::: Exercise materials :::
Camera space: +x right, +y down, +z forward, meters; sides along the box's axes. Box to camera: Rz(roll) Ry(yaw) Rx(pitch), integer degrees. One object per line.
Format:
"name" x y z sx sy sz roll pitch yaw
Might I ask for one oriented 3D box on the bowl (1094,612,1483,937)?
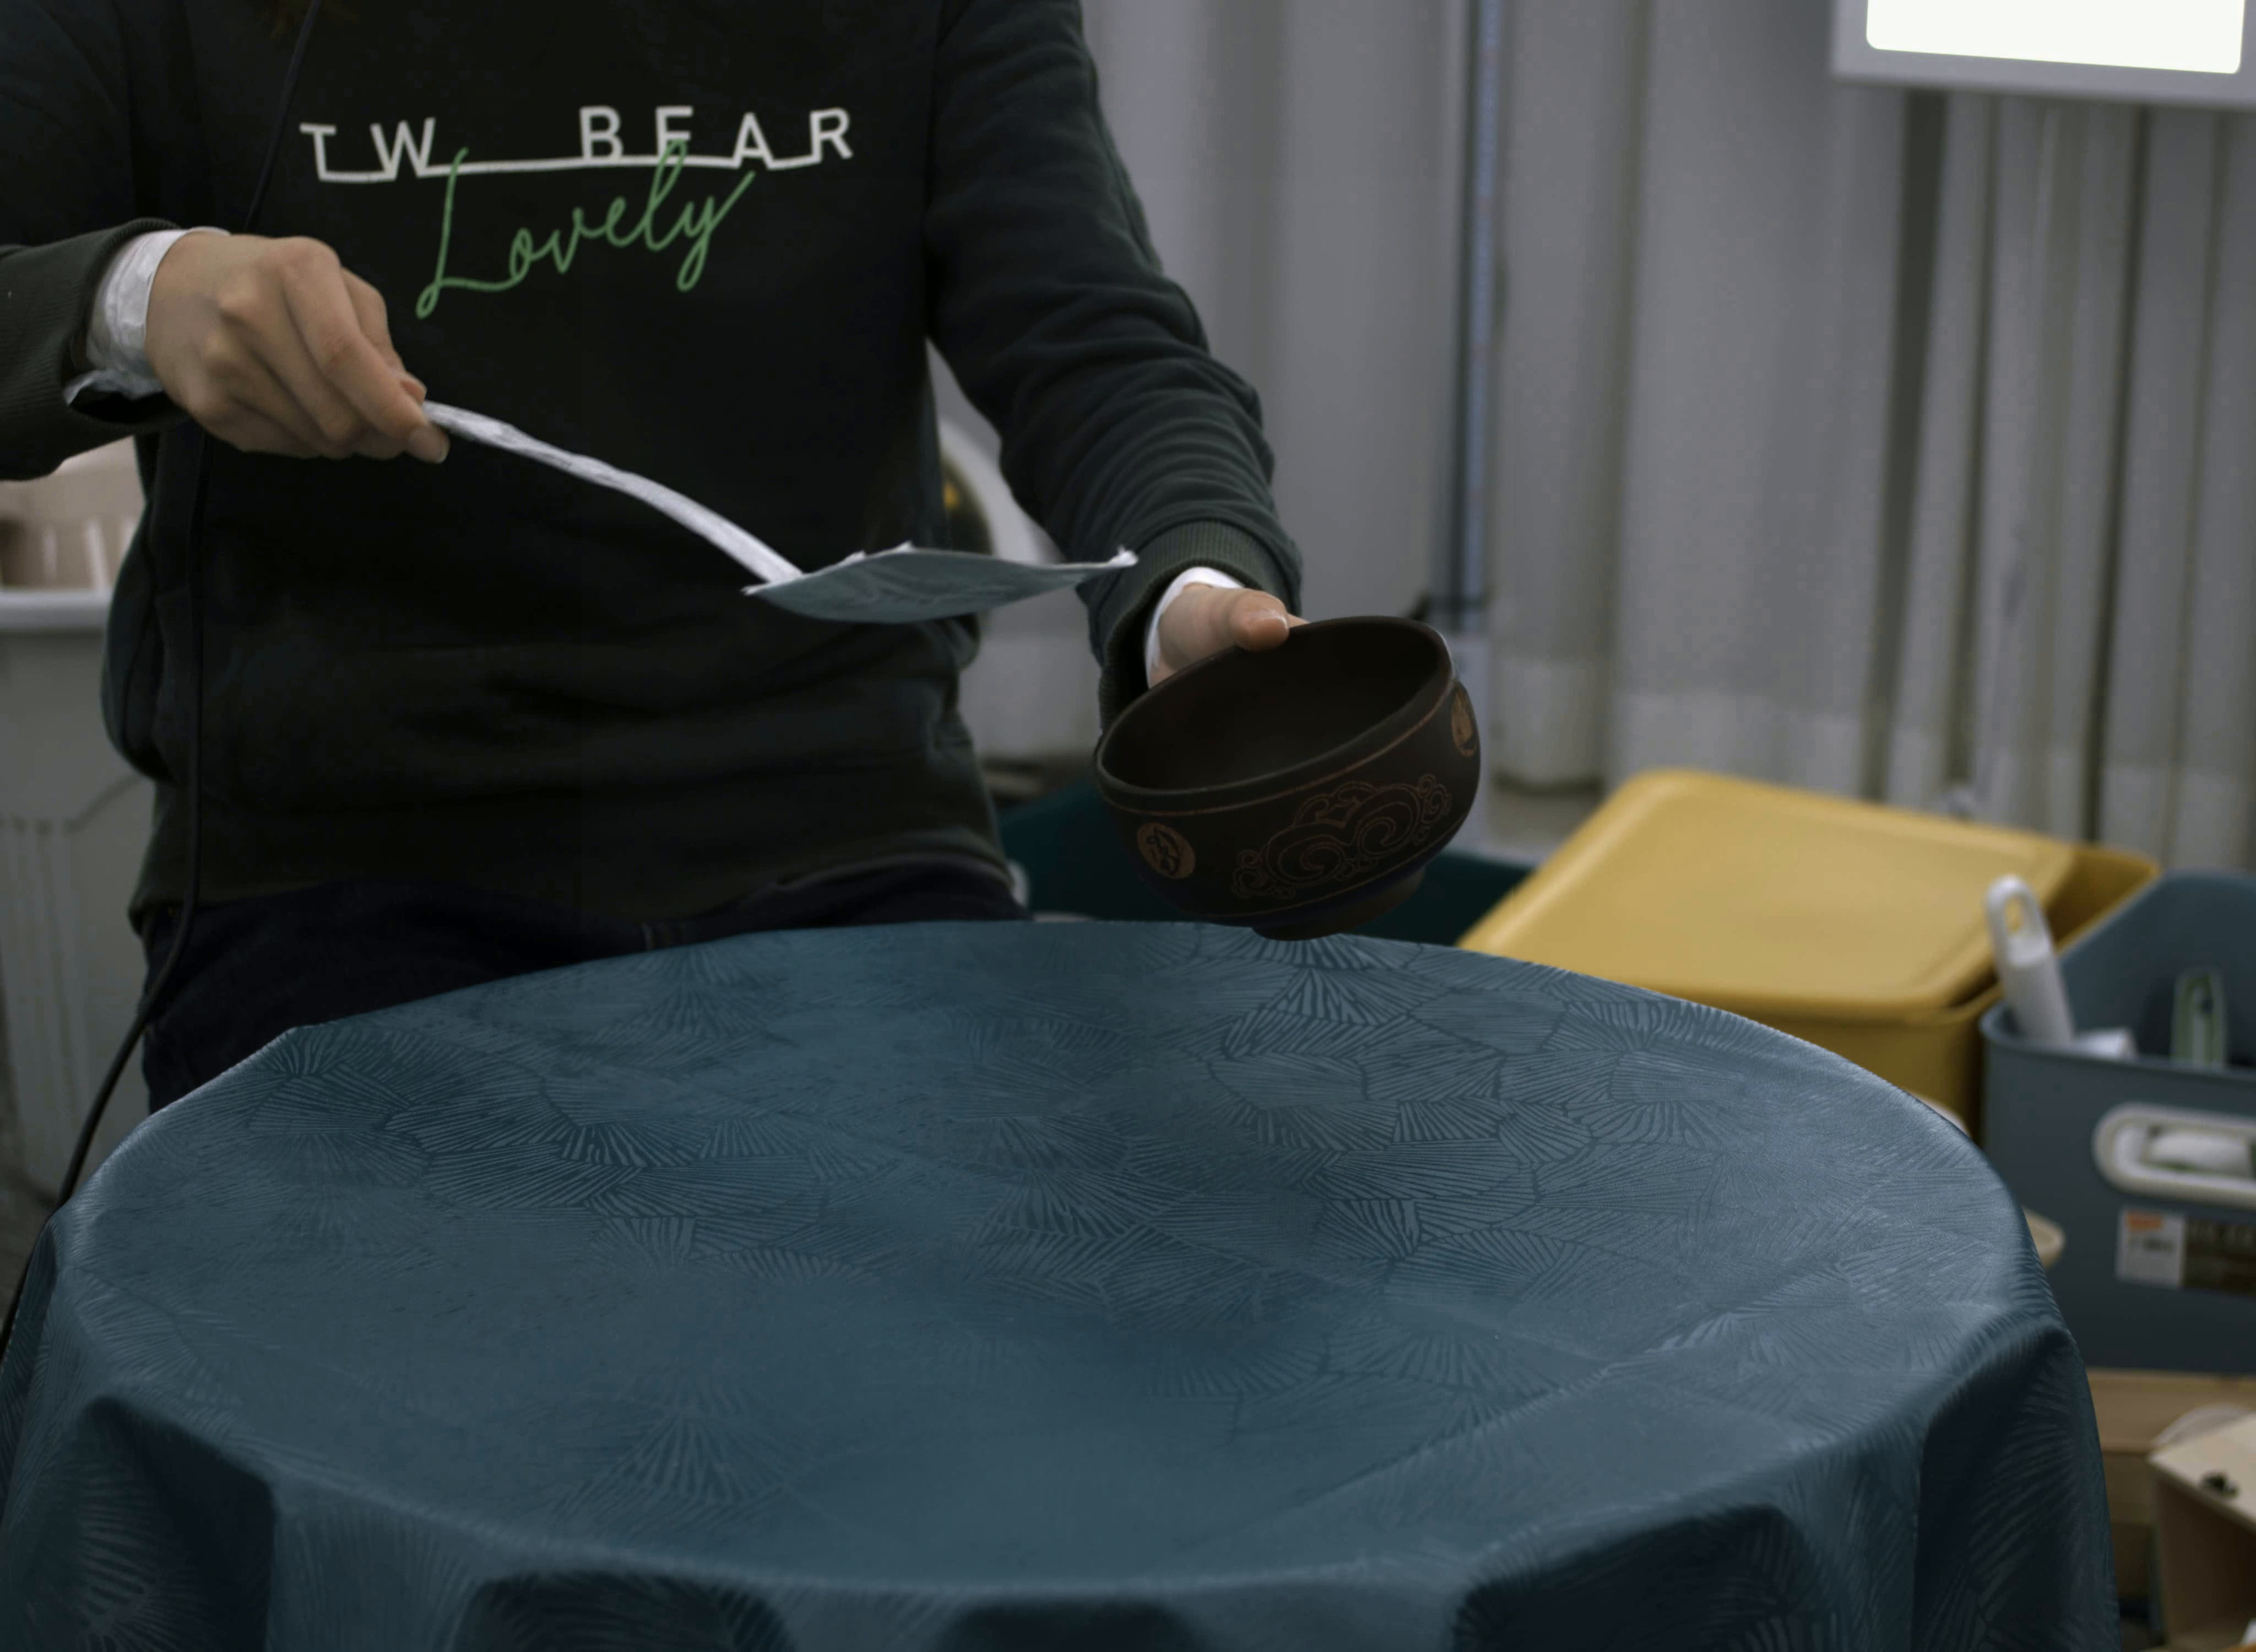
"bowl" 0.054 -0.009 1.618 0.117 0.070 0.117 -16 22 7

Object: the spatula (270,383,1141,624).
:::
Work request ▸ From the entries above, extract every line where the word "pitch" appears.

Written reply ▸
Camera space: +x right, +y down, +z forward, meters; sides along the box's axes. Box to camera: Rz(roll) Ry(yaw) Rx(pitch), integer degrees. One object per line.
"name" x y z sx sy sz roll pitch yaw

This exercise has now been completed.